USCIS denied plaintiffs petition because (among other reasons) IIP did not prove that its program satisfied the work component required for Q-l visa approval, and specifically failed to satisfy the 8 C.F.R. § 214.2(q)(4)(i)(D) obligation to offer “wages and working conditions compa *96 rabie to those accorded local domestic workers similarly employed.” See USCIS Notice of Action, Defs.’ Opp’n, Ex. 1, at 2-3. In sum, USCIS determined that “[t]he record does not provide information regarding an appropriate salary or wage that will be provided to the beneficiaries.” Id. at 2. USCIS noted that HP’s petition “d[id] not adequately address the work component,” id. at 3, and concluded that “[i]n truth, the IIP is not actually paying the participant.
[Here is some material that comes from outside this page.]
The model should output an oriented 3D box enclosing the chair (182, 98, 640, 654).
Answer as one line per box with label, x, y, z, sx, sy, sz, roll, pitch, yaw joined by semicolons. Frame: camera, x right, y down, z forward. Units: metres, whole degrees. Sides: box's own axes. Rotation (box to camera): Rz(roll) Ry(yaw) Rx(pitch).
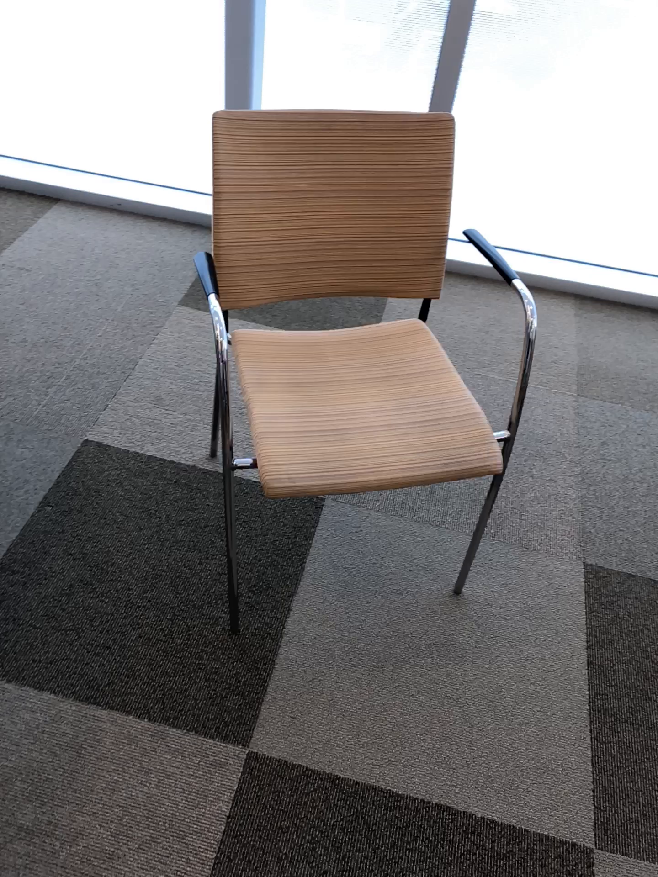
chair;0.039;-0.103;1.317;0.515;0.796;0.548;-6;45;-15
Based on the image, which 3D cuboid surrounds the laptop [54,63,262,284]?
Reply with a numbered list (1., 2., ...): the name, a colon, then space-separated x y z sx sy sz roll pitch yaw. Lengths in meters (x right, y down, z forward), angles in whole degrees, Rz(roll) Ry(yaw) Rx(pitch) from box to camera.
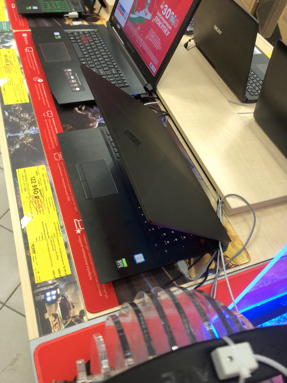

Rather, the participant is paying IIP to participate in the program .... it does not appear that the participants will be receiving a livable wage while working as cultural ambassadors at the host schools.” Id. at 2. USCIS requested further documentation from IIP showing that “you are in fact paying the participants and that they are not paying you for the experience,” id. at 3, and plaintiff responded by letter on October 29, 2010. See Pl.’s Response to RFE, Defs.’ Opp’n, Ex. 2 at 1.

Plaintiff now contends that the USCIS Vermont Service Center’s denial was not based on “any evidence, much less substantial evidence.” PL’s Mot. For PI at 7.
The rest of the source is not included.